# 01 - Download Ground Truth Labels

Downloads known refugee camp locations and generates categorized negative samples.

**Key improvements over naive approach:**
- **Grid tiling:** Each camp expands to a 3x3 grid (9 tiles), multiplying dataset x9
- **Categorized negatives:** rural, urban, barren (enables error analysis by type)

**Sources:**
1. OpenStreetMap via Overpass API
2. UNHCR camp location data (manual CSV)

**Output:** `data/labels/camps.geojson`, `data/labels/negatives.geojson`, `data/labels/all_locations.csv`

In [None]:
import sys
sys.path.insert(0, '..')

from src.utils import (
    load_config,
    query_osm_camps_all,
    load_unhcr_camps,
    merge_and_deduplicate,
    expand_camps_to_grid,
    generate_negatives,
    df_to_geojson,
)

In [None]:
config = load_config('../configs/default.yaml')
all_countries = config['train_countries'] + config['test_countries']
print(f"Countries: {all_countries}")
print(f"Grid size: {config['grid']['size']}x{config['grid']['size']} = {config['grid']['size']**2} tiles per camp")
print(f"Negative categories: {config['negative_categories']}")

## 1. Query OpenStreetMap

In [None]:
osm_camps = query_osm_camps_all(all_countries)
print(f"\nTotal OSM camps: {len(osm_camps)}")
osm_camps.head()

## 2. Load UNHCR Data (optional)

Download camp locations from https://data.unhcr.org/ and save as CSV at `data/labels/unhcr_camps.csv`.

In [None]:
from pathlib import Path

unhcr_path = Path('../data/labels/unhcr_camps.csv')

if unhcr_path.exists():
    unhcr_camps = load_unhcr_camps(unhcr_path)
    print(f"UNHCR camps loaded: {len(unhcr_camps)}")
    sources = [osm_camps, unhcr_camps]
else:
    print("UNHCR CSV not found. Using OSM data only.")
    print(f"To add UNHCR data, download from https://data.unhcr.org/")
    sources = [osm_camps]

## 3. Merge and Deduplicate

In [None]:
camps = merge_and_deduplicate(sources, buffer_km=1.0)

# Add tile IDs and label
camps['label'] = 'camp'
camps['tile_id'] = [f'camp_{i:04d}' for i in range(len(camps))]

print(f"\nUnique camps: {len(camps)}")
print(camps['country'].value_counts())

## 4. Expand Camps to 3x3 Grid

Each camp becomes 9 tiles. This multiplies the positive dataset by 9 and captures
the full spatial extent of each camp.

In [None]:
camp_tiles = expand_camps_to_grid(camps, config)
print(f"\nCamp tiles per country:")
print(camp_tiles['country'].value_counts())
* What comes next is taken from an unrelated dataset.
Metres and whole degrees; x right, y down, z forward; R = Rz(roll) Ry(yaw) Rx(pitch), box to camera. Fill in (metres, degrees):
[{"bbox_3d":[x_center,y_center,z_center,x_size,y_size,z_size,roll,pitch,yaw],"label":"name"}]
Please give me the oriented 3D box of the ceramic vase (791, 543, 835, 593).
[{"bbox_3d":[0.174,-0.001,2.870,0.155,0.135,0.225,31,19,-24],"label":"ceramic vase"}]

## 5. Generate Categorized Negatives

Three explicit categories:
- **Rural:** dispersed rural areas
- **Urban:** near known cities (formal dense settlements)
- **Barren:** desert, bare soil, savanna

Keeping the category enables error analysis later.

In [None]:
negatives = generate_negatives(camps, config)

# Add tile IDs
negatives['tile_id'] = [f"neg_{row['neg_category']}_{i:04d}" 
                        for i, (_, row) in enumerate(negatives.iterrows())]

print(f"\nTotal negatives: {len(negatives)}")
print("\nBy category:")
print(negatives['neg_category'].value_counts())
print("\nBy country:")
print(negatives['country'].value_counts())

## 6. Save Everything

In [None]:
import pandas as pd

# Save GeoJSON
df_to_geojson(camp_tiles, '../data/labels/camps.geojson')
df_to_geojson(negatives, '../data/labels/negatives.geojson')
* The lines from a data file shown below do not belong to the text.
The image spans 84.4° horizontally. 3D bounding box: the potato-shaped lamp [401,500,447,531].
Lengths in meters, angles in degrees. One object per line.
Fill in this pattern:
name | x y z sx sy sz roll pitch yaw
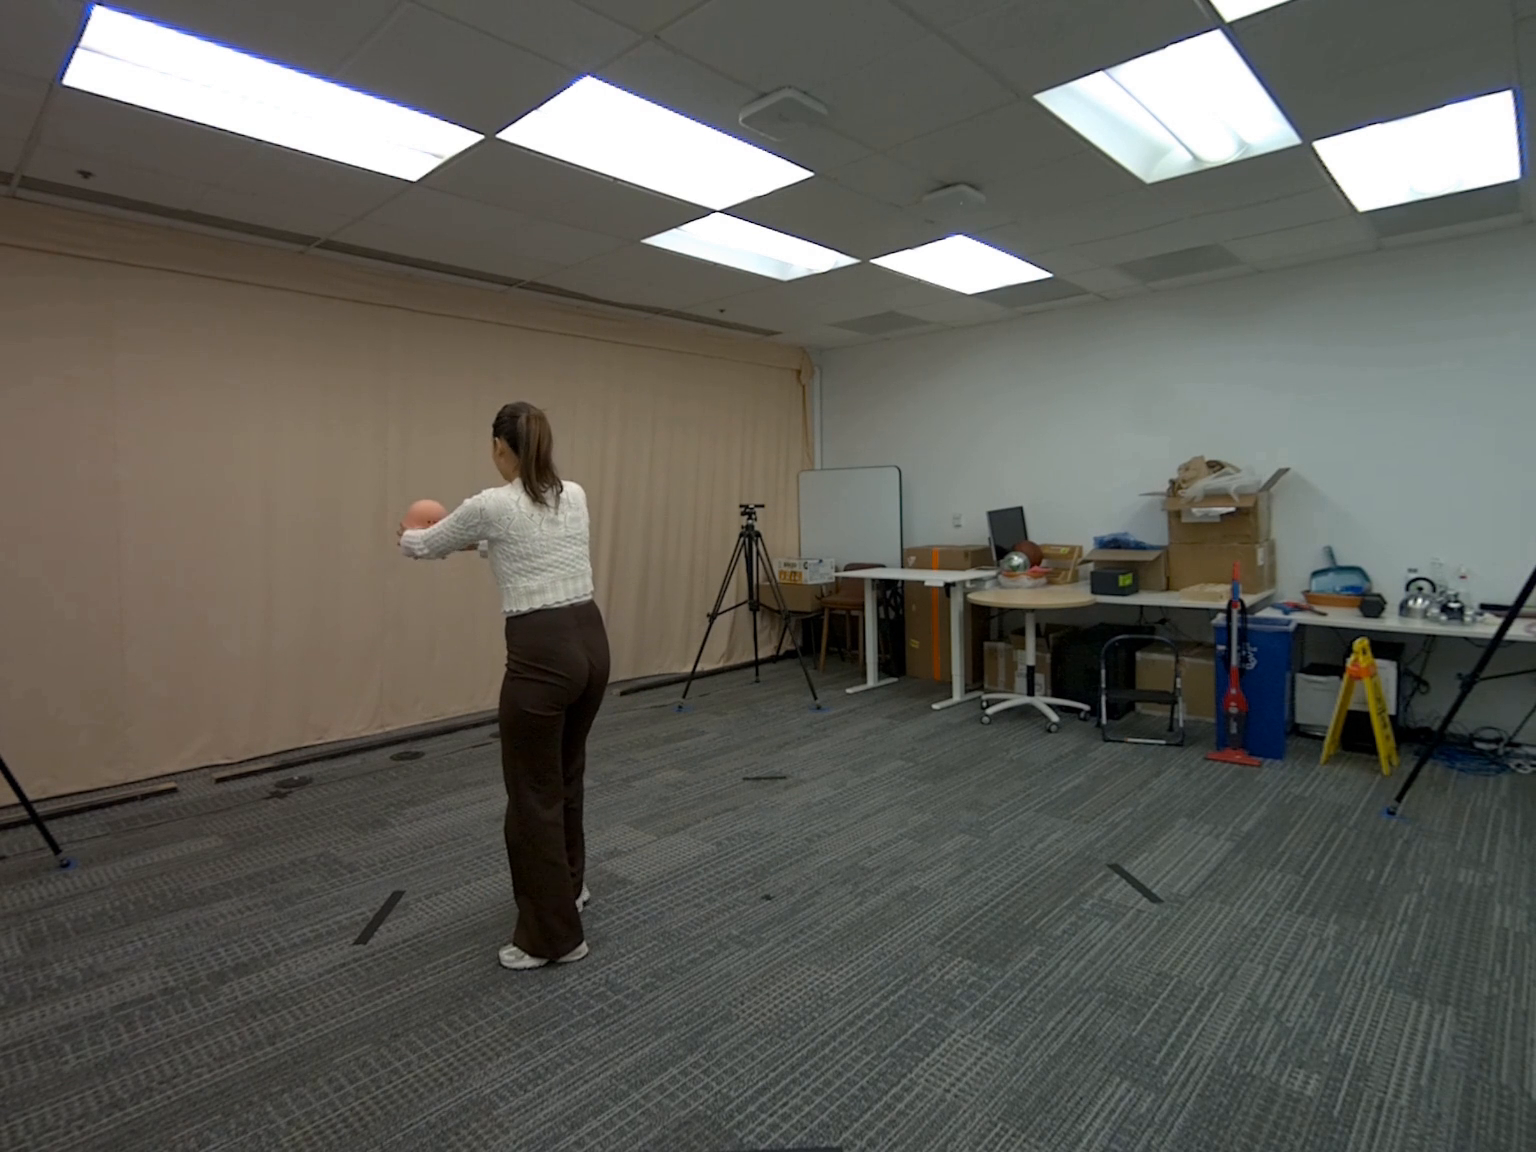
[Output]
potato-shaped lamp | -1.204 -0.171 2.958 0.174 0.197 0.162 16 8 13
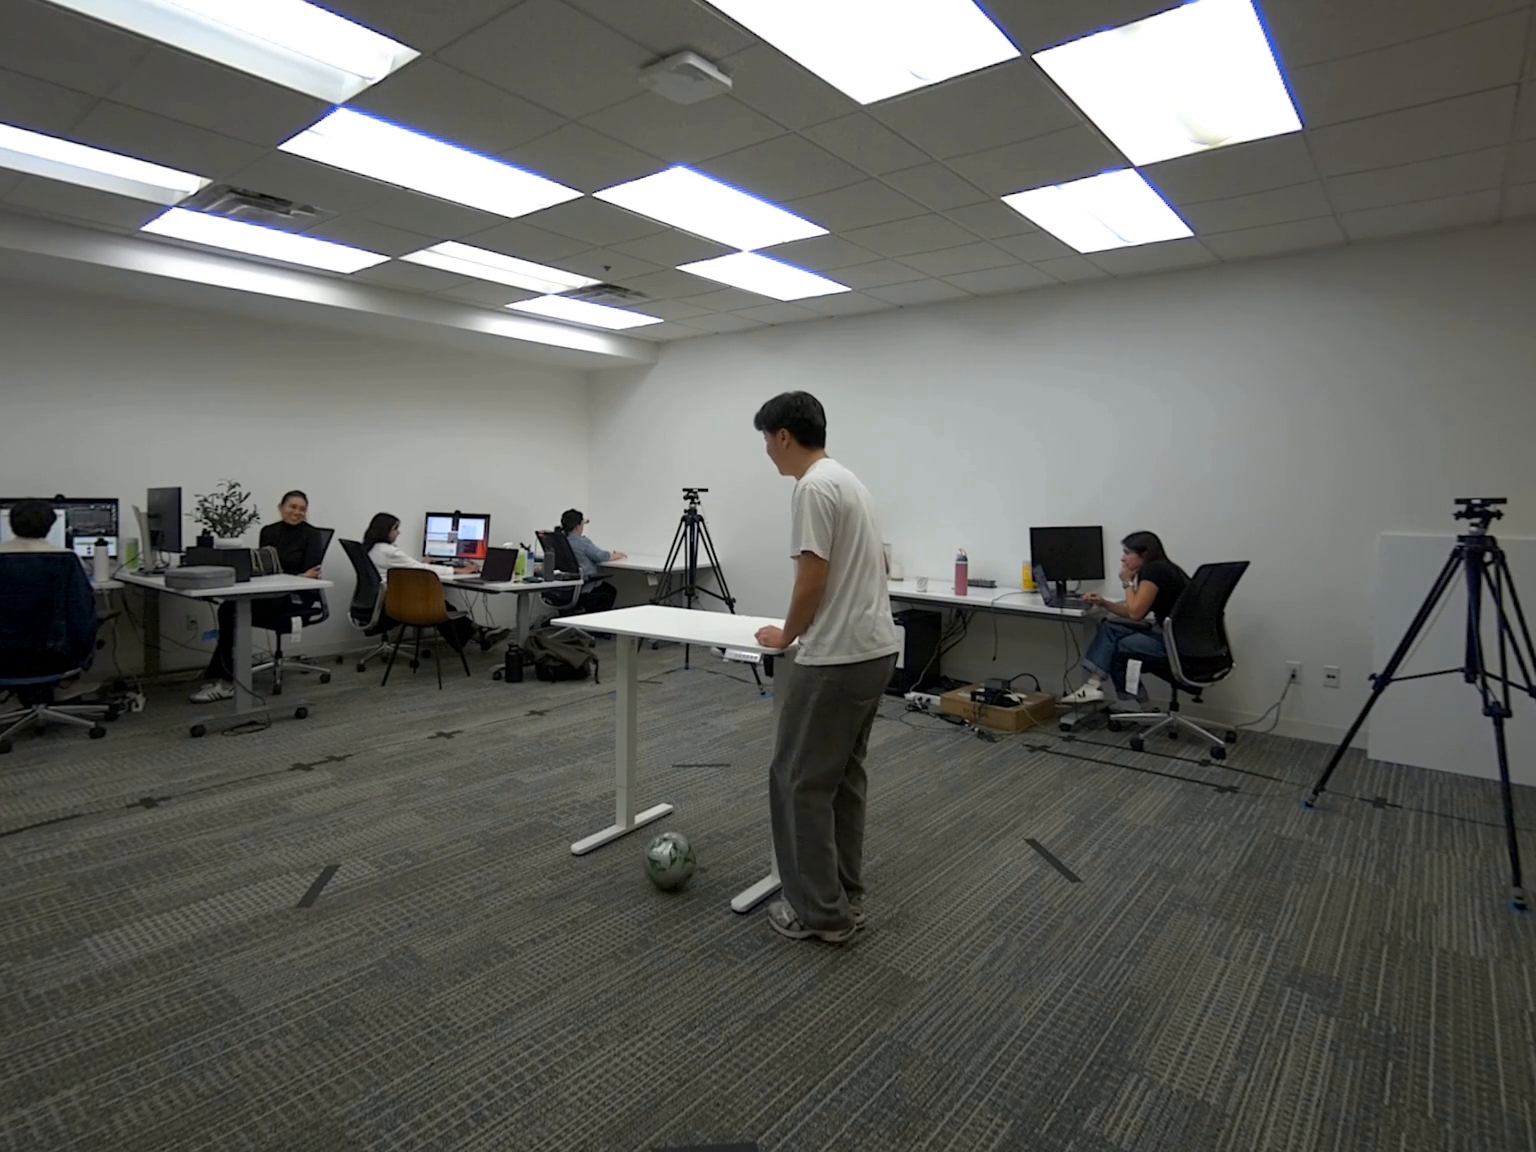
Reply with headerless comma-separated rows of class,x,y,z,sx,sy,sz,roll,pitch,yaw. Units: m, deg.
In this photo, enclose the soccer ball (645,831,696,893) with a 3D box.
soccer ball,-0.342,0.982,2.962,0.187,0.187,0.188,1,4,-2

# Combined CSV for downstream notebooks
combined = pd.concat([camp_tiles, negatives], ignore_index=True)
combined.to_csv('../data/labels/all_locations.csv', index=False)

print(f"\nTotal dataset locations: {len(combined)}")
print(f"  Camp tiles: {len(camp_tiles)} ({len(camps)} camps x {config['grid']['size']**2} grid)")
print(f"  Negative tiles: {len(negatives)}")
print(f"  Ratio camp:negative = 1:{len(negatives)/max(len(camp_tiles),1):.1f}")

## 7. Visualization

In [None]:
import matplotlib.pyplot as plt

fig, axes = plt.subplots(1, 2, figsize=(18, 7))

# Left: all locations
ax = axes[0]
for cat, color in [('rural', 'green'), ('urban', 'blue'), ('barren', 'orange')]:
    mask = negatives['neg_category'] == cat
    ax.scatter(negatives[mask]['lon'], negatives[mask]['lat'], 
              c=color, s=5, alpha=0.3, label=f'Neg: {cat}')
ax.scatter(camp_tiles['lon'], camp_tiles['lat'], 
          c='red', s=15, alpha=0.7, label='Camp tiles')
ax.set_xlabel('Longitude')
ax.set_ylabel('Latitude')
ax.set_title('All Locations (Camps + Categorized Negatives)')
ax.legend(markerscale=3)

# Right: zoom into one camp grid
ax = axes[1]
first_camp = camps.iloc[0]['tile_id'] if len(camps) > 0 else None
if first_camp:
    grid = camp_tiles[camp_tiles['parent_camp'] == first_camp]
    center = grid[grid['is_center'] == True]
    peripheral = grid[grid['is_center'] == False]
    ax.scatter(peripheral['lon'], peripheral['lat'], c='salmon', s=100, 
              label='Peripheral tiles', zorder=2)
    ax.scatter(center['lon'], center['lat'], c='red', s=200, marker='*',
              label='Center tile', zorder=3)
    ax.set_title(f'Grid Detail: {first_camp}')
    ax.legend()
    ax.set_xlabel('Longitude')
    ax.set_ylabel('Latitude')

plt.tight_layout()
plt.savefig('../data/labels/locations_map.png', dpi=150)
plt.show()